What to produce: Every line from the one with "11, 4, -17)" to the end of the entries, both included, is to be copied exactly; the other lines stay out.

Extracted data:
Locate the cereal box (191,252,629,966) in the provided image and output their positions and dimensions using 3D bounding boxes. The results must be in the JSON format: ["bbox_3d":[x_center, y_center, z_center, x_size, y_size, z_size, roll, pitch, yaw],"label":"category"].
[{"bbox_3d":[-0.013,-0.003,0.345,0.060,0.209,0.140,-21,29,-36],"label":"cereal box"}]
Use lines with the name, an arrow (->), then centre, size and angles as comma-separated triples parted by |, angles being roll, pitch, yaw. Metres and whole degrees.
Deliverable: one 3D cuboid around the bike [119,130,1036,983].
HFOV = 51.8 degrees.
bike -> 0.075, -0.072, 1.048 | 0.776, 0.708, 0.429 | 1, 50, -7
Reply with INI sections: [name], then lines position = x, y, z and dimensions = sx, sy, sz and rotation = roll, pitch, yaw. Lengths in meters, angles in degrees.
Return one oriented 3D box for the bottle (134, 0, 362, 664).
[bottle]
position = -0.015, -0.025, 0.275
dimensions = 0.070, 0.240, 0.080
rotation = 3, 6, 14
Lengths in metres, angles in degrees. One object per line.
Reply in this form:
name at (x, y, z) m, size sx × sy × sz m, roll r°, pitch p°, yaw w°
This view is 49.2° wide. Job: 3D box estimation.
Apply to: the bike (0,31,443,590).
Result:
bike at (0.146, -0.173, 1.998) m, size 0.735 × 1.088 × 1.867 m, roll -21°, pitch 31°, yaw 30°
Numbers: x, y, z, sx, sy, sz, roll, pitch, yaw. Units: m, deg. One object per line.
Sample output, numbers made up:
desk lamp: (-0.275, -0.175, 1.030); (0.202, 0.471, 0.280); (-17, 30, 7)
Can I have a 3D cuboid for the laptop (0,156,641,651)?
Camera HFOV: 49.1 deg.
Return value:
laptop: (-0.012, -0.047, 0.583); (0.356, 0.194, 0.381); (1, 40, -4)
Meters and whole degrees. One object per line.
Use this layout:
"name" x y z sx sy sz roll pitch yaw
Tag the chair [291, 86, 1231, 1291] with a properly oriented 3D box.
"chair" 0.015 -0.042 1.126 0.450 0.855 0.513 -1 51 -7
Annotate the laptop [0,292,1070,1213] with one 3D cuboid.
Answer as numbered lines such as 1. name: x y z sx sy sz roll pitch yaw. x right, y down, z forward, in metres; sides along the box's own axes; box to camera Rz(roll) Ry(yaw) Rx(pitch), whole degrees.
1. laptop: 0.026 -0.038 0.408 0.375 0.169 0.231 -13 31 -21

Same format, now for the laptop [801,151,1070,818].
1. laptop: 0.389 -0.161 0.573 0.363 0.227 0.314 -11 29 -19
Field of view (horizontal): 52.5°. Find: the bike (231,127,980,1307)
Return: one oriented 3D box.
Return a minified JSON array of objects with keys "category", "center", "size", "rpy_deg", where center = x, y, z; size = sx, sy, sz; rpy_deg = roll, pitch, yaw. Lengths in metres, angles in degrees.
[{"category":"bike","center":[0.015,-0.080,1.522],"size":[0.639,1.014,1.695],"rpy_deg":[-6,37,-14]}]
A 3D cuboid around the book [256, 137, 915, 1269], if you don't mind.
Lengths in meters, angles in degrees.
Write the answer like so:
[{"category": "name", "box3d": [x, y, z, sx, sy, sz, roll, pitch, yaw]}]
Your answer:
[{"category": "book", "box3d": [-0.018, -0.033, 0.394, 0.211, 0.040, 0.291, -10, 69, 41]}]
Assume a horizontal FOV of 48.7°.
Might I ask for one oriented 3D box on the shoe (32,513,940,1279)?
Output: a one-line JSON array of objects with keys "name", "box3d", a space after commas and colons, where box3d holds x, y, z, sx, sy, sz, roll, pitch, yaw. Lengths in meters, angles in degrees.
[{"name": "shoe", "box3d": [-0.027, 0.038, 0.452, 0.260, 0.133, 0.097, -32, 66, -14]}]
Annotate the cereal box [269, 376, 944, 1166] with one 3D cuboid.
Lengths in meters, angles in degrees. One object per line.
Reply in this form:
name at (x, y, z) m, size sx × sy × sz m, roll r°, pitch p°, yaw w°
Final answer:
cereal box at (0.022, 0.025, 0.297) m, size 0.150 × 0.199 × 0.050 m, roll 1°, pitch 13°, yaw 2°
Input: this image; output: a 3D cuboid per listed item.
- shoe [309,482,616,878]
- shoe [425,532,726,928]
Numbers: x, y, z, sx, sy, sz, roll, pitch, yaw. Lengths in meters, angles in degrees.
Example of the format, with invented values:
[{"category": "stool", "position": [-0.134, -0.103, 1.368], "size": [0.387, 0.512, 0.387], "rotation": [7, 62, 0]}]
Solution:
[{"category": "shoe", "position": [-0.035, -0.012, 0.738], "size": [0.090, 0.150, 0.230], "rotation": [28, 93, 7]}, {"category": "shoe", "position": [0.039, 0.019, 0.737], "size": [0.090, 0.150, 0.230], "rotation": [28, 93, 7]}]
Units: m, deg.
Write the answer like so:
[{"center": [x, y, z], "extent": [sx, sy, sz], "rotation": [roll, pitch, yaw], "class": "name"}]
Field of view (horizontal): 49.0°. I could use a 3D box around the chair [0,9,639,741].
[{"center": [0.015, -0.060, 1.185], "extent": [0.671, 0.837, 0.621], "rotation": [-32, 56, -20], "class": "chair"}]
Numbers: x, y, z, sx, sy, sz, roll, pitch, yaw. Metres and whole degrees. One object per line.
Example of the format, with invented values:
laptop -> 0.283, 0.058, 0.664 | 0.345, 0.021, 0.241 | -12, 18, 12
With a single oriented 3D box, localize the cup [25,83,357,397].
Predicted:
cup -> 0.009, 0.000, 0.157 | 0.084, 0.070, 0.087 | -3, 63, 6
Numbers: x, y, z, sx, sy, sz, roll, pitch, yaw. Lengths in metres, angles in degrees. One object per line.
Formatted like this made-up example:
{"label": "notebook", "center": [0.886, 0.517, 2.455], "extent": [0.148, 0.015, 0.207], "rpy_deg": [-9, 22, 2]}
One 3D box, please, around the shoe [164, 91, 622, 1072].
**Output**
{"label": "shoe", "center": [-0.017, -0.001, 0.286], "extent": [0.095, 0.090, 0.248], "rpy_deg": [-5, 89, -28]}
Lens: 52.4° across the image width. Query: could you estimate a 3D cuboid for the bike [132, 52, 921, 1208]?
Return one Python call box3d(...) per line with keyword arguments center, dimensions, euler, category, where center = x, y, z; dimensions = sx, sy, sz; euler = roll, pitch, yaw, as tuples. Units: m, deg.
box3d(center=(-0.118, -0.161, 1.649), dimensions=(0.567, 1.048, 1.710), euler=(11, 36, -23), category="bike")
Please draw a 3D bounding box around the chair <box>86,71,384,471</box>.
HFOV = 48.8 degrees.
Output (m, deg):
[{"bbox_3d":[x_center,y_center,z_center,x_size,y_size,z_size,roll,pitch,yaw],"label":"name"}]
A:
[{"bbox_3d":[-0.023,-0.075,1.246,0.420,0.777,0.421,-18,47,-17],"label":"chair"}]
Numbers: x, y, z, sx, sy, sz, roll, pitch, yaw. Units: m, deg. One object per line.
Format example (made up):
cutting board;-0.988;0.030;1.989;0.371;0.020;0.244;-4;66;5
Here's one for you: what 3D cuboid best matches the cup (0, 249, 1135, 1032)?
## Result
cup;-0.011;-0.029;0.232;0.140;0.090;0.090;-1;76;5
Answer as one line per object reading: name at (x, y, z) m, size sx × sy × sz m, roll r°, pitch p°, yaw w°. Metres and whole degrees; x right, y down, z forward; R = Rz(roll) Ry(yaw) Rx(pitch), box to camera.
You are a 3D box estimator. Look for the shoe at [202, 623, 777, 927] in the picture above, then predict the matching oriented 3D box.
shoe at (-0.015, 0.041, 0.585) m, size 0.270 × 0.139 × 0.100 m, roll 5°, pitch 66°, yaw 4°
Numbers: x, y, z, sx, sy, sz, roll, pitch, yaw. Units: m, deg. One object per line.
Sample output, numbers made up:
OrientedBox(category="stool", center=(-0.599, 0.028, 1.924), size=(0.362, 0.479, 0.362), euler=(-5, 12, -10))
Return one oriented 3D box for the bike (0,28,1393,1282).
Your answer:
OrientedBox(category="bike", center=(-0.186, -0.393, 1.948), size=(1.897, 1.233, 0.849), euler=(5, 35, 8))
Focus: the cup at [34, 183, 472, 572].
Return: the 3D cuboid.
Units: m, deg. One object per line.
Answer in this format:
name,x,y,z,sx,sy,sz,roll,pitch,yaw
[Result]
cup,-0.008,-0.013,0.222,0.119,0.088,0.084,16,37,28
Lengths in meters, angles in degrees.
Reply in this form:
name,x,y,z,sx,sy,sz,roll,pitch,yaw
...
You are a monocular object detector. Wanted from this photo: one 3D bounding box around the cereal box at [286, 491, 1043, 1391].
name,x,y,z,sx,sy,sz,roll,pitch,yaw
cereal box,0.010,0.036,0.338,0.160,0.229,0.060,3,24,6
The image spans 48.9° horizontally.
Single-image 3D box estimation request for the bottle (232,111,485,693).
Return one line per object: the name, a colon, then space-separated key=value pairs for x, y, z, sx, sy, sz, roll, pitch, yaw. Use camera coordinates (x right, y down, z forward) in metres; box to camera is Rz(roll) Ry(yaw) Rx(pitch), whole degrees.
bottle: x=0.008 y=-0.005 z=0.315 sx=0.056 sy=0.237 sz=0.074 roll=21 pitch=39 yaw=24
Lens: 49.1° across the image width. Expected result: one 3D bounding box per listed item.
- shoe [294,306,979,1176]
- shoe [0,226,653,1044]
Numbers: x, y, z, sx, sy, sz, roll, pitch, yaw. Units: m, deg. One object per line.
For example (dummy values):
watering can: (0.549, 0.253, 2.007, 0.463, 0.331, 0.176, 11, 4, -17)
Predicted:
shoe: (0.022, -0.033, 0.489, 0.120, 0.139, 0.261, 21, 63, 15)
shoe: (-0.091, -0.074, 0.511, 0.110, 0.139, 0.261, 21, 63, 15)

Answer section:
watering can: (0.549, 0.253, 2.007, 0.463, 0.331, 0.176, 11, 4, -17)
Predicted:
shoe: (0.022, -0.033, 0.489, 0.120, 0.139, 0.261, 21, 63, 15)
shoe: (-0.091, -0.074, 0.511, 0.110, 0.139, 0.261, 21, 63, 15)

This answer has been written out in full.